Love Rhymes, Chapter 4 – ii

iv

As Jack hitched the derelict Dodge to the Buick, he launched into a story. “Mike, did I ever tell you about the time my brother and I had to drive down to Colorado to rescue my sister?” Not waiting for an answer, he went on. “She had gone off to meet this guy, someone my mother did not approve of. Afraid he was going to take her away to the city, Denver or Omaha. Your grandpa Mike” – they both had the same name – “he told me and your uncle Mike” – again that name! – “to go down there and get her. It was summer, blazing hot. We drove through eastern Wyoming, nobody on the road at all. I’ll never forget, we came across this rancher stuck on the side of the road in his tractor in that scorching heat. We stopped to see if he was OK. He said, ‘No, I’m not, boys. Been stuck here four, five hours now, can’t get up out of the ditch. You get me out of here, there’s some beer in the back there for you.’ We had a towing rig on the back of our old Model T, got him right out. He had a carton full of beer bottles behind the seat, one of those with the springs visible underneath. We thought they’d be all fizzy and warm, sitting out there in the sun like that for so long. But darned of those weren’t the coldest beers I’d ever had. ‘Course, they were the first beer I ever had, so what did I know?”
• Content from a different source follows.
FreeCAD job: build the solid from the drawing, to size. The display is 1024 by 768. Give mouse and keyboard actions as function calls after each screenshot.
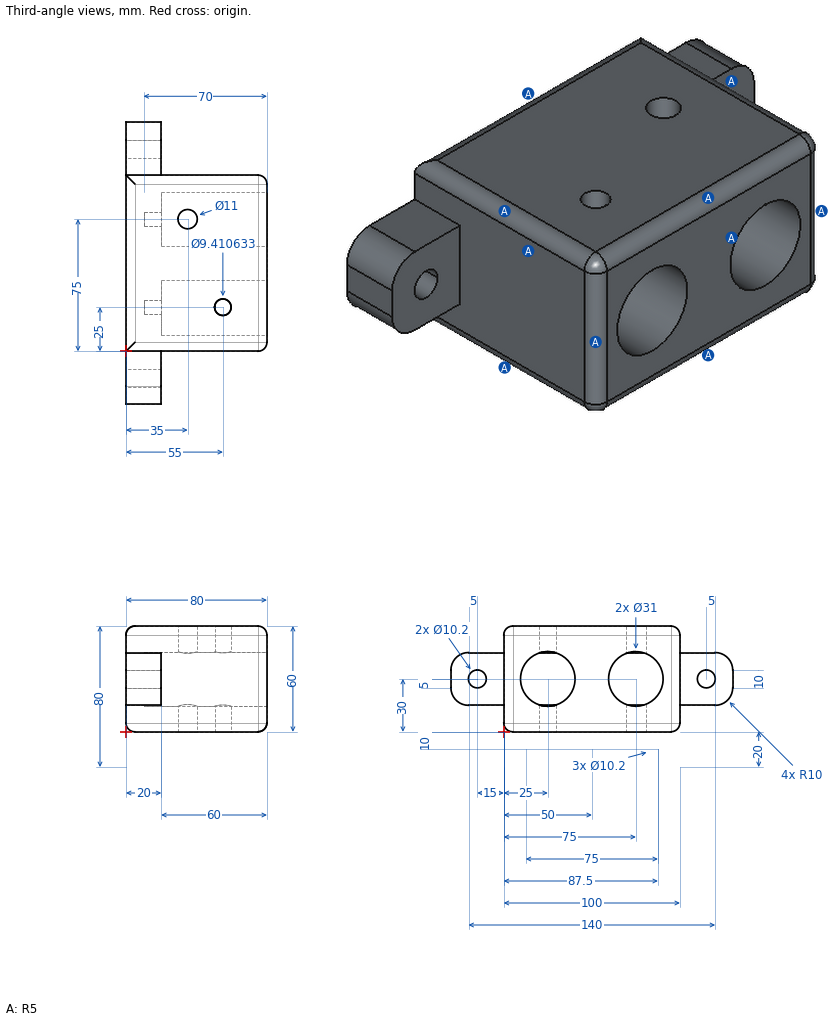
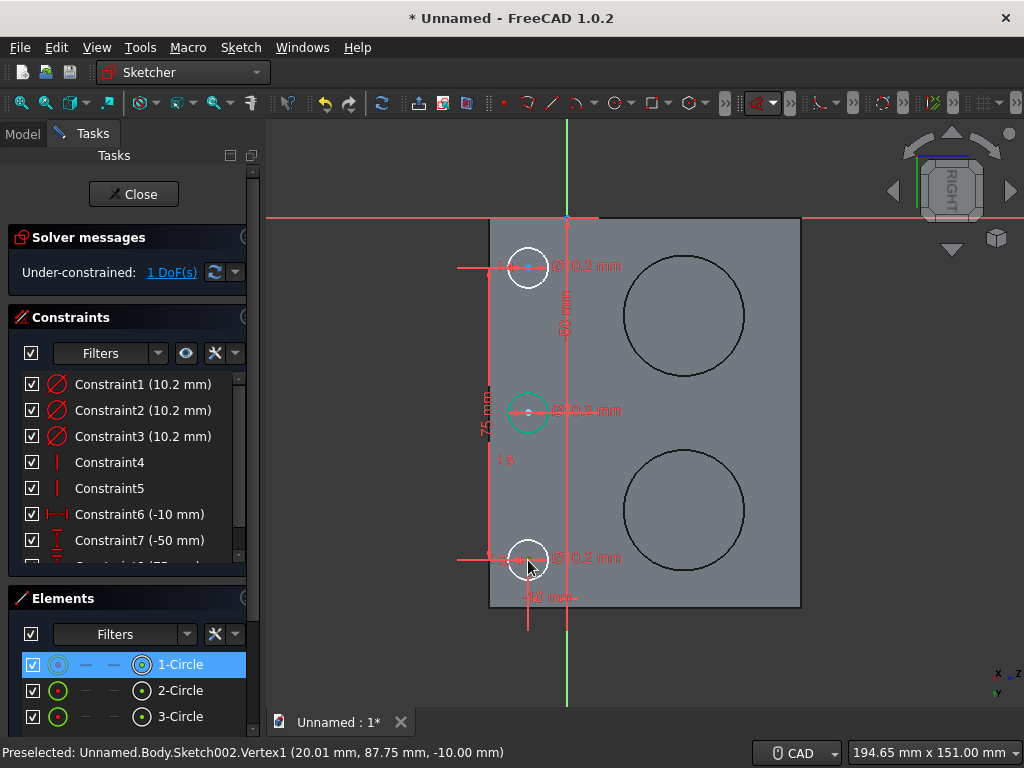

“How old were you?” Mike asked.

“Let’s see, I must have been fourteen or fifteen.” After hooking up the Dodge, he got in the Buick, and motioned us to sit in back. As we drove away, he did not resume the story.

Intrigued, I asked, “So what happened, to your sister? Did you find her, get her back?”

“Oh, right. We got to Denver, went right to the Brown Hotel, where she’d said she was supposed to meet that guy. There she was, sitting in one of those leather arm chairs, looked like she’d been crying. ‘He ain’t here, Jack, he ain’t here. He never showed.’ She sure was glad we’d come to get her.” Jack shook his head and chuckled as he reminisced. Then, “So, Jane, I heard Martin Luther King is going to be the commencement speaker at Harvard next month. Do you get to go to that?”

Battles in the south, with dogs and fire hoses turned on freedom marchers, half a million listening to a speech in Washington – images from five years earlier filled my head. Before I could answer, Mike piped up, “I saw him a few weeks ago, at Calvin.” I stared at him. He hadn’t told me about that.

“Oh?” Jack prompted.

“Yeah, it wasn’t a speech or anything. It was a special service at the Chapel, Sunday night  this February.”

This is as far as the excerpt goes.